I meant to change my clothes before leaving for The Cheap Theater this week. I really did. But, as it turns out, that didn't happen. So I ended up leaving for the theater in Cheap Theater Chic -- old jeans, a men's long-sleeve T-shirt that I got on clearance at Old Navy for a buck, my old hiking shoes, and the new hooded sweatshirt (zip-up this time) that I bought so I could occasionally wash my other
When we walked up to the theater, I found myself standing next to (though, fortunately, not down-wind from) a scruffy man in faded jeans and an old green T-shirt, the neck of which was permanently stretched out after years of being pulled over the man's impressive beer gut. He looked like he decided to protest the inhumane trimming of hair (both head and facial) about a year ago. And he appeared to have last bathed sometime last week.
Suddenly, my Old Navy clearance bin shirt didn't seem so bad.
Then, after we were seated, a couple entered the theater, and the man was wearing a suit. It takes all kinds at The Cheap Theater...
This week, Paul chose the movie. He'd been wanting to see Syriana
for a while, and who am I to say no -- especially after I've forced him to sit through movies like Must Love Dogs
(which he actually enjoyed, by the way). I really didn't want to see it, but hey...it was nominated for Oscars and stuff, so I'd just shut up and deal.
It didn't help, though, that I had a killer migraine -- which is really not a good way to see Syriana
. Even if you don't have a headache on the way in, you'll inevitably have one on the way out.
But anyway...we got our tickets and handed them over to be ripped by Derek, my favorite ticket-ripper -- who, I'm pretty sure, recognizes us each week. We really should just introduce ourselves. It would, after all, be the Midwestern thing to do.
We followed a 20-something girl and her grandma to the theater, which had previously been occupied by just one man, who was seated halfway down the aisle. Paul and I headed straight for the back row -- and I was surprised (but only a little bit -- since I'm getting pretty accustomed to Cheap Theater people by now) to see that the two women had sat down right behind the one guy in the theater. Not across the aisle. Not a few rows back. Right
behind him. And then they continued their deafeningly loud conversation.
The headache only got worse once the movie started -- though I'm not totally sure if that was because of the confusing storyline or the people around me. Most likely both.
You see, Syriana
is a seriously complex movie, with a million characters and almost as many plotlines. You need to be able to concentrate to follow it. This, however, is difficult when the young couple across the aisle won't shut up. Or stop playing with their phones, which light up and blind you in one eye, causing you to have Ally McBeal
-like fantasies about stuffing their glowing phones in their constantly-yammering mouths (not that I had those fantasies or anything...). It's also difficult when another couple walks in late, and no matter how hard you bed, "Please don't sit in front of me...please don't sit in front of me..." they sit right in front of you, and they also converse through most of it (though, fortunately, not as much or as loudly as the couple across the aisle).
In fact, everyone
talked through this movie (everyone, that is, except for the solitary guy ahead and to the left, who, instead of talking, spent the first half of the movie emphatically munching his popcorn). While it was annoying to have everyone talking -- making it impossible for someone with ADD to focus on the movie, thereby meaning that I barely knew what was going on -- it also made me feel better. It meant that I wasn't the only one who was bored and/or confused.
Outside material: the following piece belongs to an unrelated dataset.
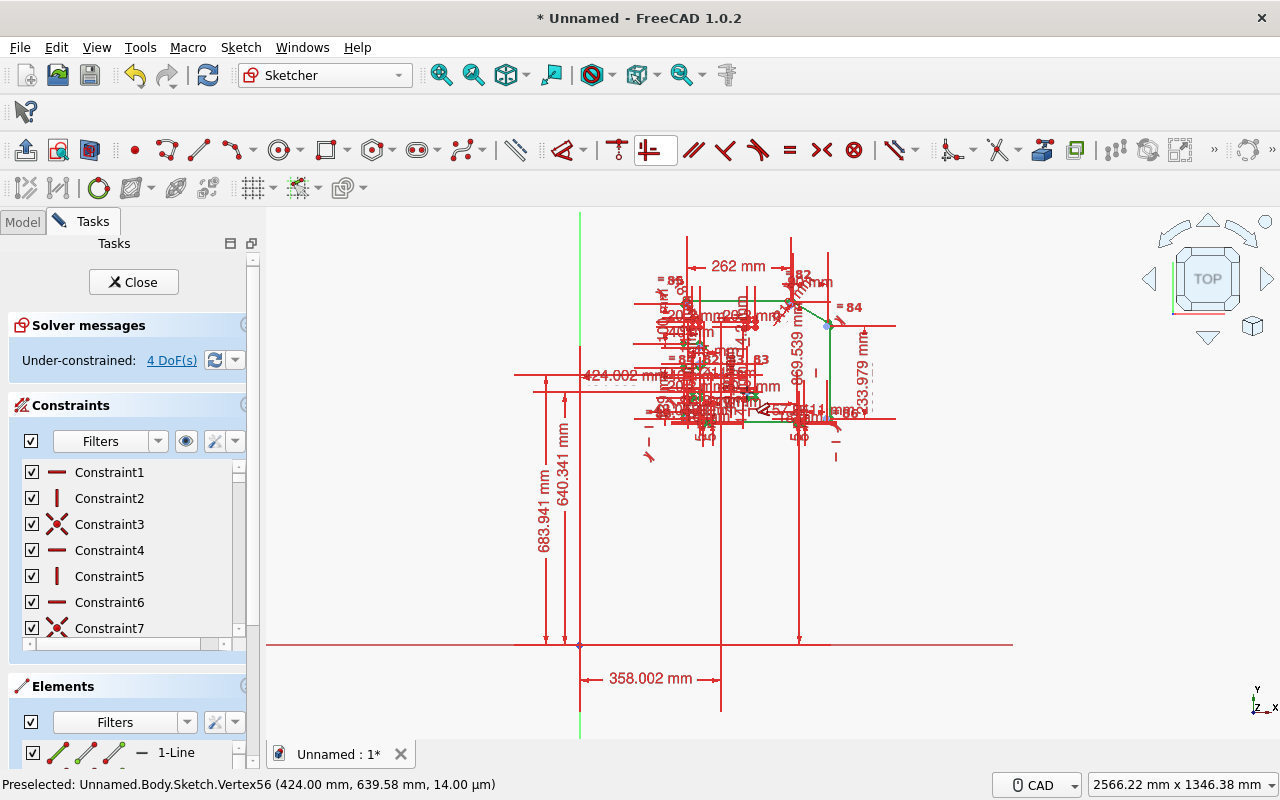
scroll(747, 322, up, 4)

The couple in front of us gave up halfway through. The couple across the aisle left a few times. My guess is that they left on smoke breaks, since I'm pretty sure I caught the guy flicking his lighter. The first time, I hoped that they'd given up -- so I could go back to trying to figure out what the heck was going on. But, unfortunately, they returned about ten minutes later. Then they left again...and came back again...and left again. For good, finally.
Meanwhile, the guy ahead and to the left had given up on his popcorn and was only slightly paying attention to the movie. Instead, he focused on checking his phone every 30 seconds, filling our little corner of the theater with that eerie glow. He also began emphatically hunting for something in the deepest depths of his nasal cavity.
And then I understood why he was there alone.
Even the Nose Picker gave up before the movie ended. By the time the credits rolled, there was no one within about 15 feet of us. If all those people hadn't been so annoying, I may have taking in personally.
But maybe I'll throw my hoodie in the laundry anyway -- just in case.